Leaving Backroads
I guess it is appropriate for me to write a post titled such. I am sorry that I haven't been more persistent in my posts. I have notes for many, but I have just been so busy. This has been an interesting summer. I have enjoyed the work very much, but not only your personal life, but any personal thoughts come to an end while you are working. It is truly as if the world stands still for an entire week at a time, except that you are very attuned to the seasonal change.My coworkers have been very talented and interesting. I'm sure it is some sort of compelling argument to see how similar we can be. I was surprised to see how different Peace Corps volunteers are, but here I find people who have many of my own stranger habits, and there are often my favorite books on the shelves at our shared apartments. But everything is so transient in this company, that you meet cool people and then in just a few days, they are gone and you aren't sure that you will ever seen them again, probably not for a year or more. So you are constantly starting friendships and sharing yourself and trying to understand others. You know that they will all be great people, but it can be exhausting. So I have come to a new conclusion. As some of you know, I feel that you can love unconditionally, and I used to think this love included sharing unconditionally. However, I have definitely reached a limit this summer. Although I know the people will be cool and I will enjoy their company, it is too much of an investment to go through all the rigamarole of getting to know someone and really understanding them. I can't absorb it and I find myself not wanting to share mine with them either. It is one thing if we are in a small group and they ask heart felt questions (then it is hard because you have this heartache of knowing that you are going to feel closer to someone, for a very short time.), but usually I just ask questions that get people talking about themselves.

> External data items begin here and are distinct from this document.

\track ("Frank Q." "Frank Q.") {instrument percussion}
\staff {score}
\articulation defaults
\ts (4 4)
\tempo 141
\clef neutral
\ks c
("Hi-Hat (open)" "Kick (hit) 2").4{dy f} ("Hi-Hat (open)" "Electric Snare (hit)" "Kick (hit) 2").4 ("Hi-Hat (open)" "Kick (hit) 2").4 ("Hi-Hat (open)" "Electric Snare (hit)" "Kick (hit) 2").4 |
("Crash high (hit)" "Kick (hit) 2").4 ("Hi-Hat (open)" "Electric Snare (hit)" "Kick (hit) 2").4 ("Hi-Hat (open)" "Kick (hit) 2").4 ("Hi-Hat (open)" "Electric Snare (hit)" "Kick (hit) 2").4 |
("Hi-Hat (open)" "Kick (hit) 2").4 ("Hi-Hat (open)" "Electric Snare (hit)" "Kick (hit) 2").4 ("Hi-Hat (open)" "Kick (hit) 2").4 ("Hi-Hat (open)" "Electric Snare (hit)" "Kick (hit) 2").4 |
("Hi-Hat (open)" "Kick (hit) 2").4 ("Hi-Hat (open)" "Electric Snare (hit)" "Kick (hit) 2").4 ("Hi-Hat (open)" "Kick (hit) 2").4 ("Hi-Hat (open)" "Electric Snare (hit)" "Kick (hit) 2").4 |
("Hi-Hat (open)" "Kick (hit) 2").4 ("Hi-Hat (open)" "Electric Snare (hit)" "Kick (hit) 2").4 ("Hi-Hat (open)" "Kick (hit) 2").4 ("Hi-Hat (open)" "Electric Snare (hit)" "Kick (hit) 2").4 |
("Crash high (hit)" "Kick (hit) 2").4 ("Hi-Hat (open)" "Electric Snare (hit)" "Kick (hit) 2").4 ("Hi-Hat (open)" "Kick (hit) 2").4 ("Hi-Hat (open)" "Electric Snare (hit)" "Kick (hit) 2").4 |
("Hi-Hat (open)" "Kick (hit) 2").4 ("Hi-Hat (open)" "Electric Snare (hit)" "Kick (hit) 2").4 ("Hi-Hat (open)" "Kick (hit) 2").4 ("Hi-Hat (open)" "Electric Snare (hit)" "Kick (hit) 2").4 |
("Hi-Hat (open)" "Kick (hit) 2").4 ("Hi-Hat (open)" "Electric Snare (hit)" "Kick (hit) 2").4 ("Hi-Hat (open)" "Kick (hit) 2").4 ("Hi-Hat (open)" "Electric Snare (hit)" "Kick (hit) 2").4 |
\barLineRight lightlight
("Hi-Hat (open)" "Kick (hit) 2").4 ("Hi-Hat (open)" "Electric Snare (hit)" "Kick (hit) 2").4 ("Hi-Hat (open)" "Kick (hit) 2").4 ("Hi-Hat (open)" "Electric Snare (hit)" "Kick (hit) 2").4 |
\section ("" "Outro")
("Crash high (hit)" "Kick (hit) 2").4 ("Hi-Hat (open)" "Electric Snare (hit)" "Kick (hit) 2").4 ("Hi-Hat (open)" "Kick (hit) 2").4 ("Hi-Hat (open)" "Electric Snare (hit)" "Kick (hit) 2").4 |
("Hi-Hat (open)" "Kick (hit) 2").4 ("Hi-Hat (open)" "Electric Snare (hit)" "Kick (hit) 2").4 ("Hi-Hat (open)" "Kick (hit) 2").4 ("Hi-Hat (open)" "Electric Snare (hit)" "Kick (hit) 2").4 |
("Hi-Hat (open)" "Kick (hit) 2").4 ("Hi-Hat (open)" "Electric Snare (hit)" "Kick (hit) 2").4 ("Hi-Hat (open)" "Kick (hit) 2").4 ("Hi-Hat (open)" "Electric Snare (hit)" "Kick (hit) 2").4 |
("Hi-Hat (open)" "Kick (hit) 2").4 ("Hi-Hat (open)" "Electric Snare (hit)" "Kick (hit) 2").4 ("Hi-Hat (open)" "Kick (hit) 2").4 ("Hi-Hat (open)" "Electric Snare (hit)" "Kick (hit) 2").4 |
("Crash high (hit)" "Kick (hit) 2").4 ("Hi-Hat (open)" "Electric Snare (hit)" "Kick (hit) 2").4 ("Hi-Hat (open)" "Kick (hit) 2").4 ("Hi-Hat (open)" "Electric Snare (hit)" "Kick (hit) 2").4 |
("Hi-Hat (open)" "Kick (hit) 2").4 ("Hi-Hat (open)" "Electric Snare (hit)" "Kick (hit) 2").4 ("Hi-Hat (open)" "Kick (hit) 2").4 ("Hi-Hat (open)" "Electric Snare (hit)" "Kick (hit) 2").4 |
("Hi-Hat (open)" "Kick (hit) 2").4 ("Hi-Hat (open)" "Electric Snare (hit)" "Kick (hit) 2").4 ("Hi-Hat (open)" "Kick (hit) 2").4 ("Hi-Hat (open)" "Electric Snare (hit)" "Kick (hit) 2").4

I even try to stay away from "real" questions, even with guests, because I often am not "really" interested in the answers. It is a good thing that people like to talk about themselves so much.
The loneliness mentioned in the last email definitely stems some from the above, but also that the job, although an exercise in balance for our guests, is full of extremes. It is amazing. I have drank more here than in Ukraine. I am always exercising or quit completely for weeks at a time. I am all work, or all play. The extremes begin to affect your emotions too. The day after I wrote that last email, I wrote this, "today to my great surprise, I found a lake on my bike ride, with sailboats!! I also saw a shepherd amongst his sheep." I intended to turn it into a email about some of the amazing bike rides I had done that week. One I biked up to a high hill that looked out over the entire Arno valley - a beautiful expanse- and I sat there picking figs from the tree above me, next to a chapel built in the middle ages and watching the sun get ready to set. So even my thoughts had become quite extreme in nature. When I would finish a trip and get a piece of personal mail at the warehouse or a email with news from one of you, I would get these strange bittersweet pang in my heart.

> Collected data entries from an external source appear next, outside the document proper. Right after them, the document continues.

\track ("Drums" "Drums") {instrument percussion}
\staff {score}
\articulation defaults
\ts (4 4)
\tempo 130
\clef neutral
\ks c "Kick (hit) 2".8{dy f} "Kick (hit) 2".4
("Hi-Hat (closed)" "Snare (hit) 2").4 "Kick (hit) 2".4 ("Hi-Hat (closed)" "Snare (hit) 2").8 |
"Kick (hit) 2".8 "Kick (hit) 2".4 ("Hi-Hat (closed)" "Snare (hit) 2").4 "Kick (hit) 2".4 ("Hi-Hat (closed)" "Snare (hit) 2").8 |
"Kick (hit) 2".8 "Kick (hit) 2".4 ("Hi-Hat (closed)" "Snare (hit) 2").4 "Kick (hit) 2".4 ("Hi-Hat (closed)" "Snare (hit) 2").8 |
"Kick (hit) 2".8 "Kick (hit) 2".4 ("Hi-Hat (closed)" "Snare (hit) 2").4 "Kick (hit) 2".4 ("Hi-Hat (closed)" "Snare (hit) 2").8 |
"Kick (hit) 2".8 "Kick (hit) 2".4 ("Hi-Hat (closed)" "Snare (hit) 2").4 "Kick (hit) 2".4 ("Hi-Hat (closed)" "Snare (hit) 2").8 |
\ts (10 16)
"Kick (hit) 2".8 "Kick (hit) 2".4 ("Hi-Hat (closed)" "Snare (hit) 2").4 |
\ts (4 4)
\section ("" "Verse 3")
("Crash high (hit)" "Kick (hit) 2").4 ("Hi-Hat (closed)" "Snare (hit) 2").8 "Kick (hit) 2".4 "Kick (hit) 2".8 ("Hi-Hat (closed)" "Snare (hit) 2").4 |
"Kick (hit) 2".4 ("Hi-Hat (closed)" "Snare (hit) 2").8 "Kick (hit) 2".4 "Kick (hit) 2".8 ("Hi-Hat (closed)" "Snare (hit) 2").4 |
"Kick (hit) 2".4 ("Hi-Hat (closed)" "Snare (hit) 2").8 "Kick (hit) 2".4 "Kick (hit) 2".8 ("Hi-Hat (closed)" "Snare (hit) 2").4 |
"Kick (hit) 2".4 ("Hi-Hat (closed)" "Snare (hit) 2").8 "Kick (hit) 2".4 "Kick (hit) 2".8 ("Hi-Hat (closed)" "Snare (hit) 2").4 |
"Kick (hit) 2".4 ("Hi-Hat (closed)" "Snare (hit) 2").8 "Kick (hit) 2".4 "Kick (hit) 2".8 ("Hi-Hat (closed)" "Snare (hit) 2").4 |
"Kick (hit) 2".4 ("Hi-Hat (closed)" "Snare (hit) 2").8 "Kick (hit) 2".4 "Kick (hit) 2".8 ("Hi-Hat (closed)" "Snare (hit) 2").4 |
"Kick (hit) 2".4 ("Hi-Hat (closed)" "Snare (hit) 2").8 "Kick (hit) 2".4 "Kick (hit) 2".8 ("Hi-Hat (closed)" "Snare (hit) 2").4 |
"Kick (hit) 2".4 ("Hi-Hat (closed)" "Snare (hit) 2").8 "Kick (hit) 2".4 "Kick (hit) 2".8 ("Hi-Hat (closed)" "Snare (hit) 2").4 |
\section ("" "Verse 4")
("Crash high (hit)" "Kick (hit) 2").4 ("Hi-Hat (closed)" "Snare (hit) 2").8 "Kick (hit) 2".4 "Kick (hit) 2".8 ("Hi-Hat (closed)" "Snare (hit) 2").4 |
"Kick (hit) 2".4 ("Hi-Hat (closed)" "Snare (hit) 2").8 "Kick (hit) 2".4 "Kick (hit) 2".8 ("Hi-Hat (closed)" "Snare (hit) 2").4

I am not sure of the moral of my story. I have enjoyed this summer. It has gone amazingly fast. I met quite a few amazing people; I think I will keep track of a few of them. I miss you all. I don't feel done with this work, but I don't feel ready to come back. Which brings me to my news. I leave here tomorrow for Riga, Latvia, where I will spend three days with 2 friends from Ukraine. Then we will all fly to Odessa together, train to close to where I lived before, and I will be volunteering at an orphanage there until the end of the school year. I will be coming to Florida for Thanksgiving and staying through Christmas, with a short trip up to DC, so I hope that I can meet up with any and all of you. And should you want to send a small gift to a small boy in Ukraine for Christmas, I can let you know how to make that happen.
I love you all.
PS. I found a Ukrainian (from the same town I lived in, Drohobych!) living in San Giovanni Valdarno (the small, less than famous town where I am living in Tuscany). I heard her speaking on the phone in Ukrainian and when she got off at my stop, I asked her where she was from in Ukrainian and she first aswered me, "Ukraine."
4 Comments:
It seems the journey through life is an almost endless balancing act and the balance point is always moving. If you invest a lot of time getting to know people very well and they move on; you then feel sad. On the other hand, if you don't invest enough time to get to know them much at all; you can miss some really cool stuff. Such irony.
I can relate with my military training and deployments...my best to you on your next journey. PC Sullivan
Whoops, I missed it. Happy belated!
john, i wrote you an email before i read this...i feel i need to tell you how truely grateful i am for having met you, lived with you, and worked with you. i'm not sure my experience would have been the same had I not had the chance to know you. as i said to you when we left the leaderhosen - it was an absolute pleasure.
love Lynn. (ps. i also miss your wonderful food).